The baseline [array names] supports filtering by exact, glob, and regular expression matches. The baseline [array get], [array set], and [array unset] support filtering only by glob matches. The baseline [array exists], [array size], and [array startsearch] don't support filtering at all. Because I implemented a common infrastructure for the array enumeration commands, I need to support the general case: filtering by exact, glob, and regular expression matches. In order to properly test this functionality, I need to expose it to the script level via options to all the commands listed in this paragraph.

Even though exposing [array get] at the C level was not part of my original plan, it's arguably part of array enumeration. Furthermore, it should be able to benefit from the new common infrastructure. Thus I added a function for it as well.

Since I did that much, I went ahead and completed the set by providing C interfaces to [array exists], [array set], [array unset], and even [array statistics]. All of [array] is now C-callable.
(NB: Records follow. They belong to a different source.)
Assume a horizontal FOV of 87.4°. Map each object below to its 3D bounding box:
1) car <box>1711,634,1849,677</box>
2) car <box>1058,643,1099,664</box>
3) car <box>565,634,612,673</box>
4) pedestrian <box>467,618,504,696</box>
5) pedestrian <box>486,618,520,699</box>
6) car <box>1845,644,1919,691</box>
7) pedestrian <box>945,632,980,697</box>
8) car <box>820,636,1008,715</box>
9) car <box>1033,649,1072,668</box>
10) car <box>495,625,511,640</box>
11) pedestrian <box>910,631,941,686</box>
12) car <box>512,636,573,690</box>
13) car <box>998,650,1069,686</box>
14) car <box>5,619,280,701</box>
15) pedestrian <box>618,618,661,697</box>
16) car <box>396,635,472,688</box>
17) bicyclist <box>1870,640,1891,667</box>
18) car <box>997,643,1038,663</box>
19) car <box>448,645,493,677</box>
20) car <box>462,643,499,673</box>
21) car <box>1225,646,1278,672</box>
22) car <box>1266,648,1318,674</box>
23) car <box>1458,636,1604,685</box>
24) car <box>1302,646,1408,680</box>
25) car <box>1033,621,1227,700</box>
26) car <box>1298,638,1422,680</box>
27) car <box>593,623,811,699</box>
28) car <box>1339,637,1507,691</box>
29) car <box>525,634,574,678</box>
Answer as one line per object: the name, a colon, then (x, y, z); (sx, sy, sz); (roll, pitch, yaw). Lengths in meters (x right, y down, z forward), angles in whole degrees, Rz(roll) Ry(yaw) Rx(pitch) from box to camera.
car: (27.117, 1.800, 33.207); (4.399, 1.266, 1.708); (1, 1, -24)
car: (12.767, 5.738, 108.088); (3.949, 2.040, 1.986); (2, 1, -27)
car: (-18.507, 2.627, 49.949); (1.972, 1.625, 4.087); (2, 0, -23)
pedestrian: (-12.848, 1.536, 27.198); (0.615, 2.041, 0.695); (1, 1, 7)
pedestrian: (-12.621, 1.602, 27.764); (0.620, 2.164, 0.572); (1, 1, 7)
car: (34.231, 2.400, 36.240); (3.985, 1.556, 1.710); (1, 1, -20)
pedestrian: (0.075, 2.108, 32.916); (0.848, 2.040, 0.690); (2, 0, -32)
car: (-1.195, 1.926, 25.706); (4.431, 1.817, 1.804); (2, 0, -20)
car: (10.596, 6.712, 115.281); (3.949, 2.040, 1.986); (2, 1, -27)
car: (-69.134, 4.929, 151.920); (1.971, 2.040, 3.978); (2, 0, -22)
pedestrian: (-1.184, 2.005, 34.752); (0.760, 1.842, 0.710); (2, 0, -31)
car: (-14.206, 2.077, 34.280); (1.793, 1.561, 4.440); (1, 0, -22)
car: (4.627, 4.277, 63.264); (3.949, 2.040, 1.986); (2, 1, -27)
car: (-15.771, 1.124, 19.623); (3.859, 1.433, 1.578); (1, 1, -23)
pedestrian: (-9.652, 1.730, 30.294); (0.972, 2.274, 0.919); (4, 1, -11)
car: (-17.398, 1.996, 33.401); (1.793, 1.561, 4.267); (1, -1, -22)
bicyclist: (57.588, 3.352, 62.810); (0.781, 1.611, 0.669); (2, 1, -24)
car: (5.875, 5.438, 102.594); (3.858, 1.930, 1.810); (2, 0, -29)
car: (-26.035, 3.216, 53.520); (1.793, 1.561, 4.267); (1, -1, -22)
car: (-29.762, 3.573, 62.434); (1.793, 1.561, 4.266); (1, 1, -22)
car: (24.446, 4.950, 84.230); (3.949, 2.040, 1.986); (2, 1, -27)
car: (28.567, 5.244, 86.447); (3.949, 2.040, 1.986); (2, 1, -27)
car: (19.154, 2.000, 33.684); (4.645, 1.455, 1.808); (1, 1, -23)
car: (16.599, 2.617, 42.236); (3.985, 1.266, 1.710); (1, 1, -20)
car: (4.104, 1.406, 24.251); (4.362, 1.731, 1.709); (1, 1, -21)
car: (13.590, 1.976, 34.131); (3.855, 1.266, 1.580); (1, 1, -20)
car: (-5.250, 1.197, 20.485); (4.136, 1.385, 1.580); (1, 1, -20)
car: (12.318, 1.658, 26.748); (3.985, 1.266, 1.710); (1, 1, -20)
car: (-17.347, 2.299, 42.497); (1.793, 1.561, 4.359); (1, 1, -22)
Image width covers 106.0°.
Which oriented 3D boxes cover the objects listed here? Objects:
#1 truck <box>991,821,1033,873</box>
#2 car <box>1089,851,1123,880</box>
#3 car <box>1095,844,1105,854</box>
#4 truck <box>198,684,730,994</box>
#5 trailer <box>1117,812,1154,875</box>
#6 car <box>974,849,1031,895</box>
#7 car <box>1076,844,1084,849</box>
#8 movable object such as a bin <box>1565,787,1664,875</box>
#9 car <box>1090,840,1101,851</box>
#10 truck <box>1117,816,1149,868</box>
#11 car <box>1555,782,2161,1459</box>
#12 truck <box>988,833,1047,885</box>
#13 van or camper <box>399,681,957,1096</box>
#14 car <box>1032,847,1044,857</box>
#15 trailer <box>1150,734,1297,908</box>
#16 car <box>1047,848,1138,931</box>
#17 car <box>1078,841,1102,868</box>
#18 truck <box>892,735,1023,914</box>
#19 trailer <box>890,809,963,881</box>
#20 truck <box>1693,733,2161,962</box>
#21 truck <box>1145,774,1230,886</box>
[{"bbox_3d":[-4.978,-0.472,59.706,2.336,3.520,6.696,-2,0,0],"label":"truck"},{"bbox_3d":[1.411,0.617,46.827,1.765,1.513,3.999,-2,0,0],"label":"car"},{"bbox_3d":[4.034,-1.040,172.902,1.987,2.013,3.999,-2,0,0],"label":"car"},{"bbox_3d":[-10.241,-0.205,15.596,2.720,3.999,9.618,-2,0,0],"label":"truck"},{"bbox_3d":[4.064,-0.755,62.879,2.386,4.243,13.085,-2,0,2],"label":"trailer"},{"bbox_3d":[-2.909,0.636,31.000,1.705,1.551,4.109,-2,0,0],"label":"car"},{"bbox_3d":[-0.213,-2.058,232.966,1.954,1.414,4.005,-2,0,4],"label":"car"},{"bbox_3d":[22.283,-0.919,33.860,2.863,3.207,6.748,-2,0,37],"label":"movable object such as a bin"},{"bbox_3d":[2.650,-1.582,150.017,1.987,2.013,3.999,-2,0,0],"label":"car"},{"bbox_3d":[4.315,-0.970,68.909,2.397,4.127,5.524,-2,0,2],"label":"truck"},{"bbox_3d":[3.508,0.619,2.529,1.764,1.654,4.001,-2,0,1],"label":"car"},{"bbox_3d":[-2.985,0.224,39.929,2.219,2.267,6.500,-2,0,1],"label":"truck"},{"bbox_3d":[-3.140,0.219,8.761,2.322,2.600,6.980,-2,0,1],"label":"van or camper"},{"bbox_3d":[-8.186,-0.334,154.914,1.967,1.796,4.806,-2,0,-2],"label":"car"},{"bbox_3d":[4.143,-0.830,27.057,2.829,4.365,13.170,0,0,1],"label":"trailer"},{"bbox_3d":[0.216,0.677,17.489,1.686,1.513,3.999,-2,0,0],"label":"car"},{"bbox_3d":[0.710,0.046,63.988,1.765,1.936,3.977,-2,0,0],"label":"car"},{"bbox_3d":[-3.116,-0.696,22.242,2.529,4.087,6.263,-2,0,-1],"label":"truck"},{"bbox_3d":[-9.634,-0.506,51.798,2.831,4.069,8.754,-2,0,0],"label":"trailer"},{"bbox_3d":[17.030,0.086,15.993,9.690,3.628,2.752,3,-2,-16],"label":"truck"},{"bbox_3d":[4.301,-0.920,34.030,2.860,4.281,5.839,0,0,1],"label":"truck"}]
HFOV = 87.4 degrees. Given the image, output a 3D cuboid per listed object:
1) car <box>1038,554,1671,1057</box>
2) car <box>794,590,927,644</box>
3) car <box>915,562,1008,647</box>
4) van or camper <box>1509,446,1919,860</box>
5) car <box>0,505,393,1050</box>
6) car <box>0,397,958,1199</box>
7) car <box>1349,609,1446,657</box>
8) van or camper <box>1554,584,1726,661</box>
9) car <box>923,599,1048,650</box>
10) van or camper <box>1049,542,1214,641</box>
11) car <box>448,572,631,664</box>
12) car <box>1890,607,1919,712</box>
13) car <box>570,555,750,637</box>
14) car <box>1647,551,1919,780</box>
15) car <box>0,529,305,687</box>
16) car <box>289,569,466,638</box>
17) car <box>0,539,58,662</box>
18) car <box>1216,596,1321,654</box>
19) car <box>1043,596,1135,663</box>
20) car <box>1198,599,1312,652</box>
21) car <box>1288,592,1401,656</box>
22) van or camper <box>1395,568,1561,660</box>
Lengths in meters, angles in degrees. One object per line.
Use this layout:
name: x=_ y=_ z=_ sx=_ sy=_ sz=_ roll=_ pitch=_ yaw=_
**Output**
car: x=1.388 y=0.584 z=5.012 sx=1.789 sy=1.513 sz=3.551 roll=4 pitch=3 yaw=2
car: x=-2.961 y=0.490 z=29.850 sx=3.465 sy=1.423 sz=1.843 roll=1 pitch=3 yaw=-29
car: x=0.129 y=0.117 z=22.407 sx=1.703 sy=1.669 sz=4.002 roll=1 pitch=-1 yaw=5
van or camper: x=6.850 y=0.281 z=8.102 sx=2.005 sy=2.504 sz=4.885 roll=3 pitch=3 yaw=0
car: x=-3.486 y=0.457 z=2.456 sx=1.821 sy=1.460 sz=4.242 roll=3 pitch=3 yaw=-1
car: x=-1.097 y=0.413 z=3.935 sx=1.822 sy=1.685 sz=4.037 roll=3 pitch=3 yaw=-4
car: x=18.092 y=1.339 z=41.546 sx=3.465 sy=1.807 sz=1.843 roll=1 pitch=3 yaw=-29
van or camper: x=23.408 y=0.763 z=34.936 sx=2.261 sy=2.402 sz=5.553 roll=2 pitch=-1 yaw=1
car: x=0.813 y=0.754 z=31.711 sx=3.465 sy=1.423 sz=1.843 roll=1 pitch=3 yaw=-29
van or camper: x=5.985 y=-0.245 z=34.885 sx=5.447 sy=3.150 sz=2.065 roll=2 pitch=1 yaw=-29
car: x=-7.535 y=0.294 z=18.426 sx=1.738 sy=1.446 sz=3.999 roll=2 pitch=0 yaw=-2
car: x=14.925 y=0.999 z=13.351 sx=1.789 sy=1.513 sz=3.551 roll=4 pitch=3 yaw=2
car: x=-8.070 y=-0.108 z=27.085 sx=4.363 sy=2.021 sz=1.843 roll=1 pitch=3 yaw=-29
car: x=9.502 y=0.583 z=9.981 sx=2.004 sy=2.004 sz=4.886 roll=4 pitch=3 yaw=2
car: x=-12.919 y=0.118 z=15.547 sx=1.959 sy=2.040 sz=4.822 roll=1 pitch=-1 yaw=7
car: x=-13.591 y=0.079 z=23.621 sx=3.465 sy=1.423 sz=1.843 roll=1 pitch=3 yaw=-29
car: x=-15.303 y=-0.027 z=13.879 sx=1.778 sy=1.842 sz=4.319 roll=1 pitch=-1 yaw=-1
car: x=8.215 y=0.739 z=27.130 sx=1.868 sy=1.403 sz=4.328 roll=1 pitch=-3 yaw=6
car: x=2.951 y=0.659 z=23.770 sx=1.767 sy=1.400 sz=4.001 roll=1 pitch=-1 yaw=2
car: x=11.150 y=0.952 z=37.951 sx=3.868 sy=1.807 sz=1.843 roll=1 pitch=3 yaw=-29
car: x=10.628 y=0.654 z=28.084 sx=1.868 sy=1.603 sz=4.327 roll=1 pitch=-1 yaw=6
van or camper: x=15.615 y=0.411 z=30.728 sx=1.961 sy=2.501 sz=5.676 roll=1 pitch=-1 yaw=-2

Now that I have multiple kinds of changes (new C API functions, new Tcl command arguments), do I need to write multiple TIPs? Or is the fact that they are closely and usefully related mean a single TIP will suffice?

Lastly, I am considering changing [array unset] to start by making a list of elements it intends to unset before it actually unsets them. This works around various pathological trace problems and is in accordance with DKF's recommendation found at [L2 ], dated 2010-02-03 16:46:16. It's now easy to do this. Just look at Tcl_ArrayGet() which already does this. Would this have to be a third TIP? It is a potential incompatibility in case any scripts actually depend on the current ill-defined interaction between [array unset] and traces.


Progress

20 November 2016
Began work, implemented Tcl_ArraySize().
24 November 2016
Published commits, fixed [array size] reporting of trace errors, improved Wiki page, added filtering. Implementation of above-listed functions is complete.
25 November 2016
Implemented Tcl_ArrayExists(), Tcl_ArraySet(), Tcl_ArrayUnset(), and Tcl_ArrayGet().
27 November 2016
Implemented Tcl_ArrayStatistics(), refined API, added man page for C API.
28 November 2016
Updated [array] man page, added filtering to [array exists] and Tcl_ArrayExists().

Remaining work

Write test suite, write TIP, respond to comments and any other issues that may arise.

I should help merge the recent [array for] work, though one of these two projects will have to be accepted first.

Also I am interested in using this work as a platform from which to implement the per-array default value feature requested by FlightAware. Is it too soon to claim this? I'm not trying to be greedy here, I just think I'm in a good position to get it done because of the rest of my array work.